"""

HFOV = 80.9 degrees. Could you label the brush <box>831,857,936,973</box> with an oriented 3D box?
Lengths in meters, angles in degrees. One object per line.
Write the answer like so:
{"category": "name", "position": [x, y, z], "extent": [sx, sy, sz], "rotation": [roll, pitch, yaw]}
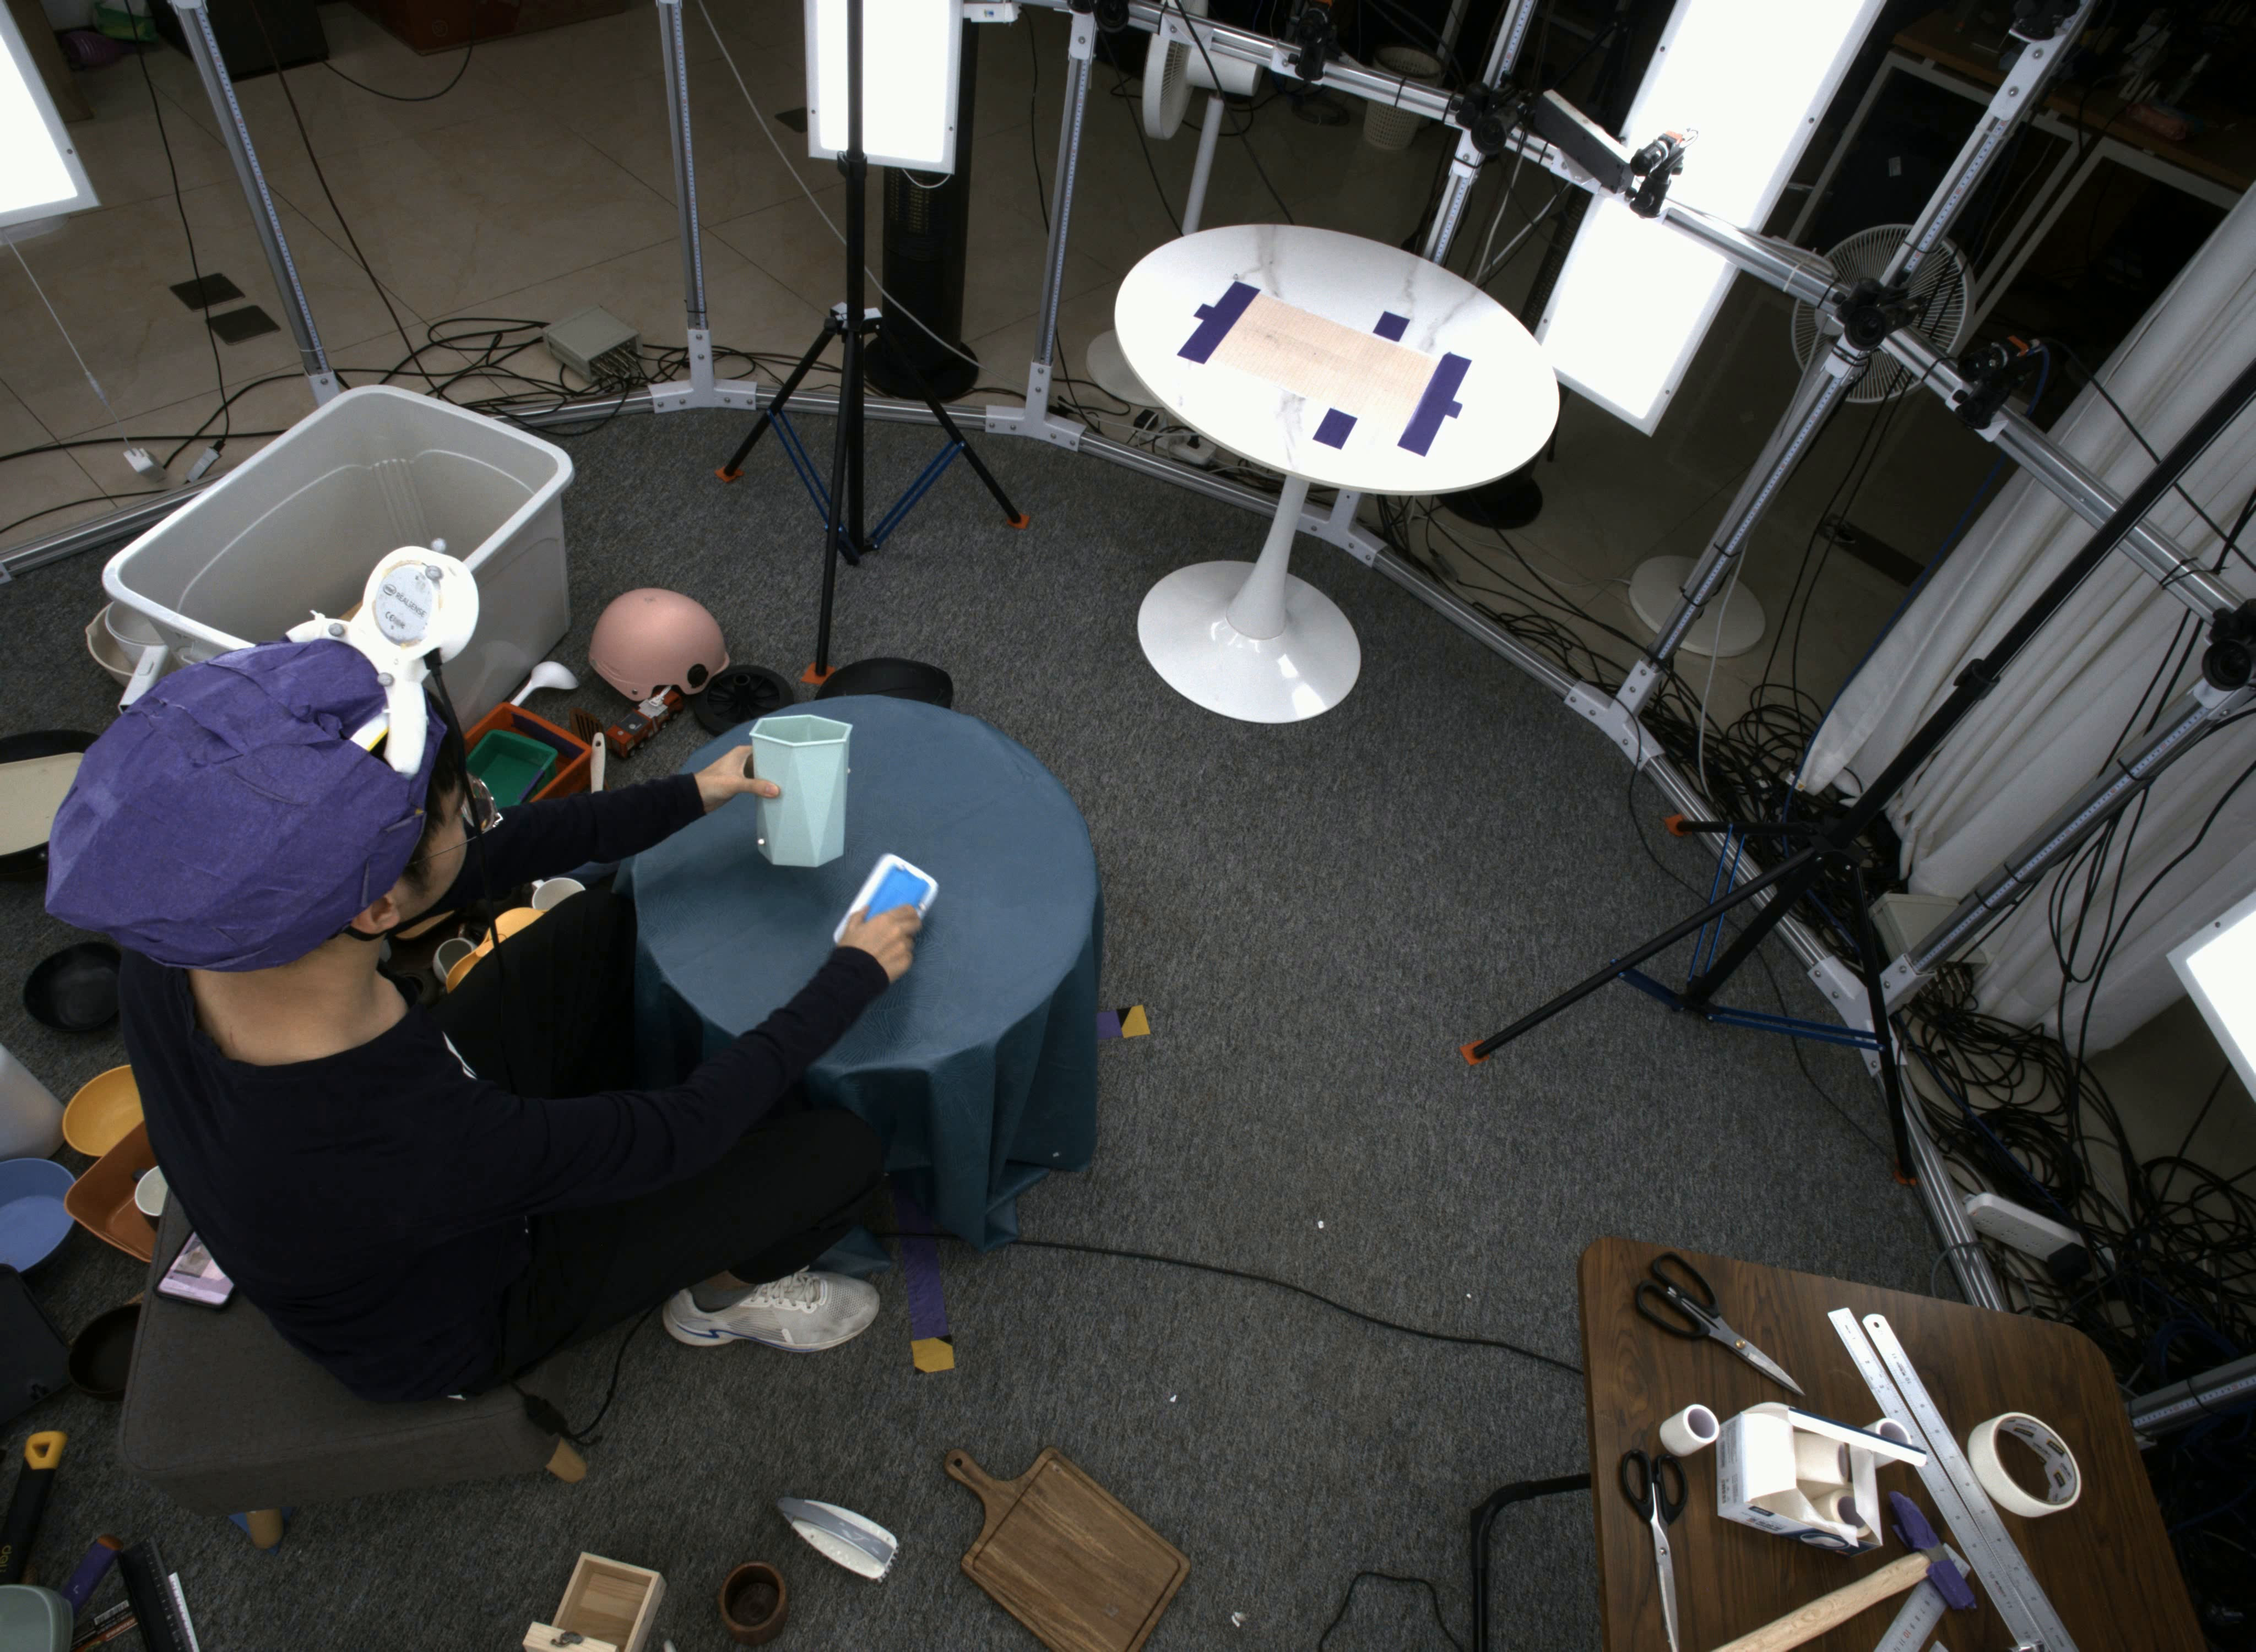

"""

WHAT THIS TASK INVOLVES
Copy out the lines of the data where the word "degrees" can be found.

EXERCISE OUTPUT
HFOV = 80.9 degrees. Could you label the brush <box>831,857,936,973</box> with an oriented 3D box?
Lengths in meters, angles in degrees. One object per line.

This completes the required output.